Stored data entries:
-.-.-
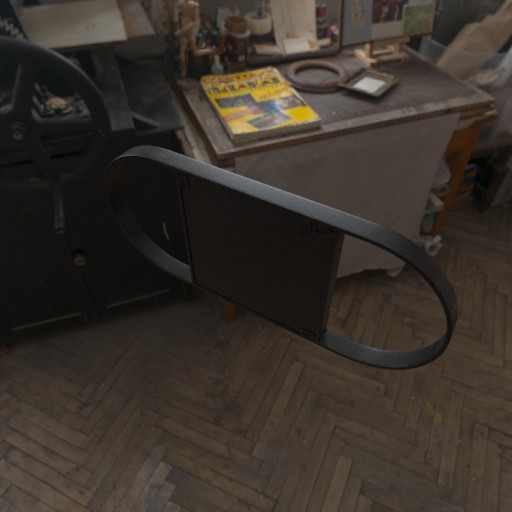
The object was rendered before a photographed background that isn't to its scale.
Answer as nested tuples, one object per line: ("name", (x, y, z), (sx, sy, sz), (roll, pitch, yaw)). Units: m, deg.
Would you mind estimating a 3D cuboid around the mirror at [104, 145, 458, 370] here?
("mirror", (0.000, 0.000, 0.677), (0.584, 0.254, 0.032), (23, 50, 21))
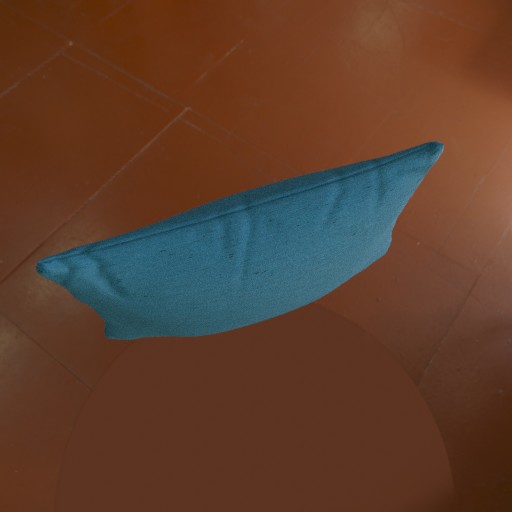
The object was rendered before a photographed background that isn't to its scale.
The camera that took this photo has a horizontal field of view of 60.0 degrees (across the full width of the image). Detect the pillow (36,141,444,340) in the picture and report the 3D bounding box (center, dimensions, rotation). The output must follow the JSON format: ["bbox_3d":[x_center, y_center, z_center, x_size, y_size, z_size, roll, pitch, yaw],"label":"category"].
[{"bbox_3d":[0.000,0.000,0.788,0.633,0.338,0.210,-18,65,-9],"label":"pillow"}]
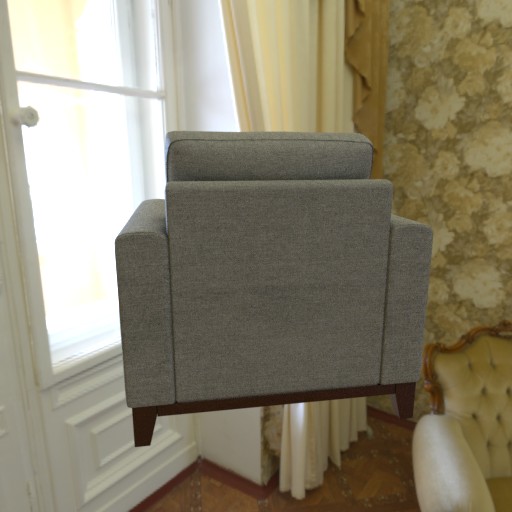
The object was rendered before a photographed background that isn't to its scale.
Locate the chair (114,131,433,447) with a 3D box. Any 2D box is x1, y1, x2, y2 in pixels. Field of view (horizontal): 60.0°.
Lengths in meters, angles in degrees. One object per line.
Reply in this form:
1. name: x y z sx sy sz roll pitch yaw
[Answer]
1. chair: 0.000 0.000 1.912 1.024 1.010 1.038 -2 13 -9
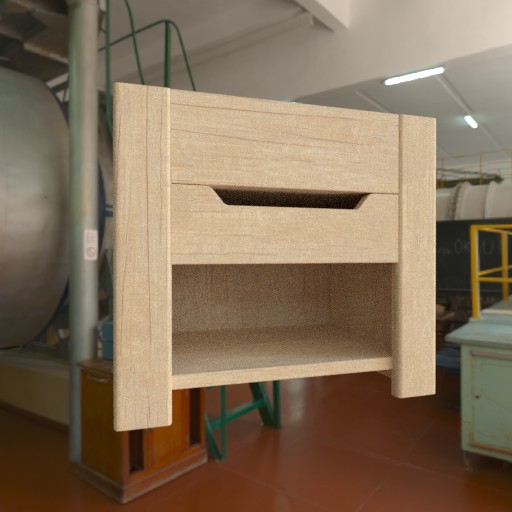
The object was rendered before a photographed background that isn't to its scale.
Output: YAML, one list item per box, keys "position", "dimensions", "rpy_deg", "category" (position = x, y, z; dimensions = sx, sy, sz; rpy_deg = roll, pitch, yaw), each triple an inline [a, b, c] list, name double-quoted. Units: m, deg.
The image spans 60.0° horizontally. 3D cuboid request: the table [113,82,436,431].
- position: [0.000, 0.000, 0.930]
  dimensions: [0.570, 0.510, 0.420]
  rpy_deg: [0, 0, -18]
  category: "table"
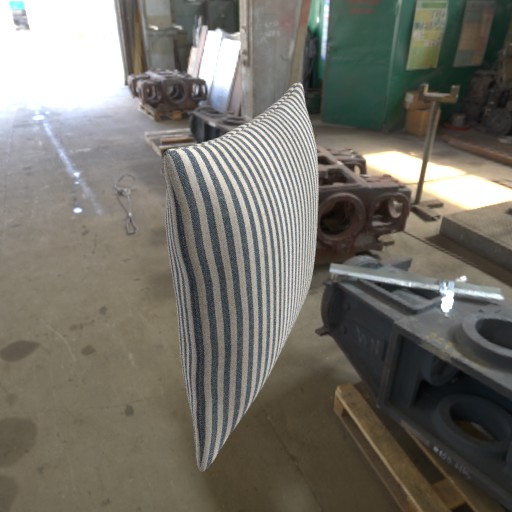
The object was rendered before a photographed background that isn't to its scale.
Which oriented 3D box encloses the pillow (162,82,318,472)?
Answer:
[{"bbox_3d":[0.000,0.000,0.784,0.166,0.510,0.523,10,31,18],"label":"pillow"}]
-.-.-
* **What the task requires**:
Take only the lines above from the one that has "The image spans" through the one that has "Which oriented 3D" and reproduce them exactly, omitting any pictures.

* **Final answer**:
The image spans 60.0° horizontally. 3D cuboid request: the table [113,82,436,431].
- position: [0.000, 0.000, 0.930]
  dimensions: [0.570, 0.510, 0.420]
  rpy_deg: [0, 0, -18]
  category: "table"
The object was rendered before a photographed background that isn't to its scale.
Which oriented 3D box encloses the pillow (162,82,318,472)?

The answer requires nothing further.